Конечно, адские летописцы впоследствии поясняли, что урон, который капитан Ржалис нанес легионам Пожирателей Снов, был крайне мал и совершенно нечувствителен. Однако сами Пожиратели придерживались по данному поводу совершенно другого мнения.

И когда поток воинов наконец иссяк, как иссякает музыкант, приближаясь к концу произведения, несравненный Агапий Лилипупс нанес заключительный аккорд. Как и положено доброму пастуху, гонящему свое послушное стадо к водопою, сержант вышел к благодарной аудитории, сияя одной из самых приветливых и добродушных своих улыбок. Эту улыбку до сих пор видели в кошмарных снах доблестные харцуцуйцы, защитники Пальп и атаковавшие Тут-и-Маргор.

Тут к нему подлетел взыскующий военной мудрости Бургежа, и Лилипупс осчастливил его приветственной фразой, идеально подходящей для начала нового абзаца:

— А вот и мы к вам со своей скромной армией.

После чего и началась настоящая свистопляска.

* * *

Не успев как следует удивиться присутствию на поле боя непокорных вампиров, из всех форм правления признававших только анархию, князь Мадарьяга увлек их в атаку на полки Кальфона Свирепого и Дьюхерста Костолома. Они (демоны) какое-то время сопротивлялись, но когда на горизонте возник сержант Лилипупс со своей бормотайкой и предложил «расстрелять врага силою оружия», началось повальное, хотя все еще организованное отступление.

Бургежа, понявший, что в Агапий Лилипупсе он обнаружил золотое дно, а проще говоря — источник всех мыслимых и немыслимых литературных наград, не отставал от него ни на шаг. Именно бесстрашному лауреату Пухлицерской премии мы обязаны тем, что отдельные высказывания сержанта вошли в историю.

Свалив бормотайкой какого-то особо активного полковника огнекрылов, Лилипупс скомандовал во всю мощь своих богатырских легких:

— Слушай мою команду! Водное препятствие преодолевать быстро и качественно. Кто утонет, потом пожалеет!

Любопытно, что исполнять приказ бросились все — и свои, и чужие. Не то чтобы они вполне понимали, что именно делают. Но это было не важно. Самым важным в ту минуту казалось одно: чтобы сержант Лилипупс остался доволен.

— Как вам удается добиться такой дисциплины? — спросил восхищенный Бургежа, неимоверным усилием воли возвращая себя от реки обратно, к интервьюируемому.

— Вопрос понял, ответ думаю, — ответил тролль.

И честно задумался.

А его войска с победным ревом катились по равнине.
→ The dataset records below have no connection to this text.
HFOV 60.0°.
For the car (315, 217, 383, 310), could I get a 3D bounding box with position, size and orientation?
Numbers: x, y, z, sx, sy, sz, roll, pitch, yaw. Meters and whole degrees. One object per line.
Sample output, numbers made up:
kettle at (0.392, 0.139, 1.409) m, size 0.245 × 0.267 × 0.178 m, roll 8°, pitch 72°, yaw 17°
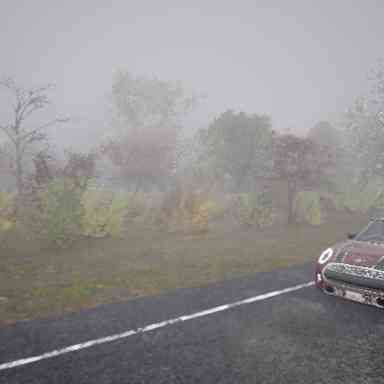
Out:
car at (4.832, 1.355, 7.572) m, size 4.553 × 1.767 × 2.097 m, roll 0°, pitch 0°, yaw -37°
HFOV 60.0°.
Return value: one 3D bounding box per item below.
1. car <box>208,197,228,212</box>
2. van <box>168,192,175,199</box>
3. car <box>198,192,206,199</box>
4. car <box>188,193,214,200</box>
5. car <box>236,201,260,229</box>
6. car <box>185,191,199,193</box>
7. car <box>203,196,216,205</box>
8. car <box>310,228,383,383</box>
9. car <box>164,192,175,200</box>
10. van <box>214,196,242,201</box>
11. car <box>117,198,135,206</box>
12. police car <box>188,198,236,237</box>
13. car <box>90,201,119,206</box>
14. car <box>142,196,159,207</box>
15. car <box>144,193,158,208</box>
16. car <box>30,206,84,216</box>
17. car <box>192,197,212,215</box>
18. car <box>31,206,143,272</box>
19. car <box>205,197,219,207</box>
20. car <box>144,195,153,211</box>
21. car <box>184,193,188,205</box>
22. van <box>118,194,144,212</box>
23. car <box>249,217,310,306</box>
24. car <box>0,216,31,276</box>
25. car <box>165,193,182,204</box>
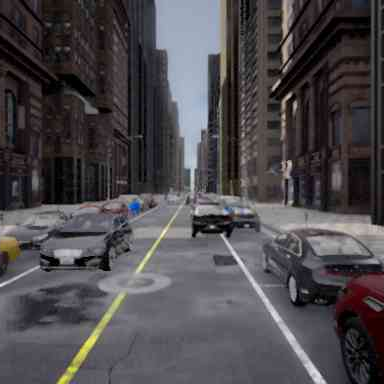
[{"bbox_3d":[2.766,1.347,35.972,1.752,1.417,4.829,0,0,0],"label":"car"},{"bbox_3d":[-5.755,0.915,91.973,1.690,1.788,3.998,0,0,0],"label":"van"},{"bbox_3d":[2.770,0.888,91.988,2.192,1.841,5.009,0,0,0],"label":"car"},{"bbox_3d":[0.902,1.215,27.282,2.097,1.767,4.553,0,0,0],"label":"car"},{"bbox_3d":[2.764,1.455,18.946,2.008,1.369,4.403,0,0,0],"label":"car"},{"bbox_3d":[0.006,1.152,67.732,1.882,1.535,5.008,0,0,0],"label":"car"},{"bbox_3d":[2.767,1.324,52.658,1.802,1.307,4.206,0,0,0],"label":"car"},{"bbox_3d":[2.763,1.303,2.089,2.192,1.841,5.009,0,0,0],"label":"car"},{"bbox_3d":[-5.756,1.203,80.737,1.802,1.307,4.206,0,0,0],"label":"car"},{"bbox_3d":[2.765,1.218,24.563,1.690,1.788,3.998,0,0,0],"label":"van"},{"bbox_3d":[-5.760,1.422,24.553,1.887,1.381,4.507,0,0,0],"label":"car"},{"bbox_3d":[0.901,1.337,17.422,1.930,1.638,5.238,0,0,0],"label":"police car"},{"bbox_3d":[-5.761,1.449,18.935,1.887,1.381,4.507,0,0,0],"label":"car"},{"bbox_3d":[-5.759,1.296,46.857,1.752,1.417,4.829,0,0,0],"label":"car"},{"bbox_3d":[-5.759,1.111,41.408,2.192,1.841,5.009,0,0,0],"label":"car"},{"bbox_3d":[-5.762,1.483,13.323,2.008,1.369,4.403,0,0,0],"label":"car"},{"bbox_3d":[0.903,1.341,33.313,1.837,1.490,4.892,0,0,0],"label":"car"},{"bbox_3d":[-3.099,1.436,10.686,2.128,1.511,4.902,0,0,0],"label":"car"},{"bbox_3d":[2.766,1.351,47.040,1.802,1.307,4.206,0,0,0],"label":"car"},{"bbox_3d":[-5.760,1.374,35.790,2.008,1.369,4.403,0,0,0],"label":"car"},{"bbox_3d":[0.004,1.272,51.722,1.812,1.442,4.674,0,0,0],"label":"car"},{"bbox_3d":[-5.760,1.191,30.171,1.690,1.788,3.998,0,0,0],"label":"van"},{"bbox_3d":[2.763,1.511,7.708,2.008,1.369,4.403,0,0,0],"label":"car"},{"bbox_3d":[-5.762,1.486,7.528,1.752,1.417,4.829,0,0,0],"label":"car"},{"bbox_3d":[-2.996,1.301,54.660,1.812,1.442,4.674,0,0,0],"label":"car"}]
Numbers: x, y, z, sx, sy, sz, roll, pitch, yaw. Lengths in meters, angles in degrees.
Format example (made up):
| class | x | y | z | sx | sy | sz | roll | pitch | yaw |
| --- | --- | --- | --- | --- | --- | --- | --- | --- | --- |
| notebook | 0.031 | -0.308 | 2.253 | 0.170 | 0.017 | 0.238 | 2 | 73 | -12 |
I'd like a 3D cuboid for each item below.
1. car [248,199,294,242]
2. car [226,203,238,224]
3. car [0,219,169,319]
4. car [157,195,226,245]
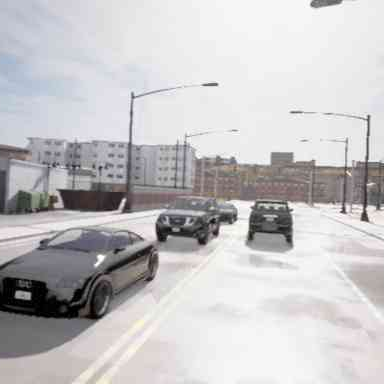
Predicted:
| class | x | y | z | sx | sy | sz | roll | pitch | yaw |
| --- | --- | --- | --- | --- | --- | --- | --- | --- | --- |
| car | 4.311 | 1.410 | 18.174 | 2.150 | 2.045 | 5.566 | 3 | 0 | 14 |
| car | 2.472 | 1.577 | 26.136 | 1.882 | 1.535 | 5.008 | 3 | 0 | 14 |
| car | -2.182 | 1.458 | 7.160 | 1.994 | 1.385 | 4.181 | 3 | 0 | 14 |
| car | 0.029 | 1.213 | 16.186 | 2.150 | 2.045 | 5.566 | 3 | 0 | 14 |

Донельзя счастливые троглодиты верхом на ослике подскакали к трехголовому зверю.

— Вы Ватабася? — смущаясь, спросил Карлюза.

Зверь покивал.

— Изголодный?

Головы снова пришли в движение.

— Ходимте-ходимте, — запели троглодиты. — Имеем вкуснямных предложений.

Никогда еще Ватабася не получал приглашения на такое знатное пиршество. Карлюза с Левалесой предложили его вниманию десяток безголовых бегемотов, запряженных в повозки с боевыми барабанами. Перебравшись на противоположный берег Тутоссы, Ватабася без лишних сомнений кинулся к заждавшемуся обеду и молча вцепился в обвислый зад одного из бегемотов.

Мы только что упомянули, что у того не было головы. Логично предположить, что и визжать он не мог, и размышлять — тем более. Потому что вроде бы нечем. Однако же он проявил необычайную резвость мысли. И, однако же, завизжал. Да еще как! Ватабася так и остался стоять на месте с разинутыми пастями, а оскорбленный до глубины своей черной души монстр рванул прочь от этого страшного, негостеприимного места, увлекая за собой впечатлительных коллег.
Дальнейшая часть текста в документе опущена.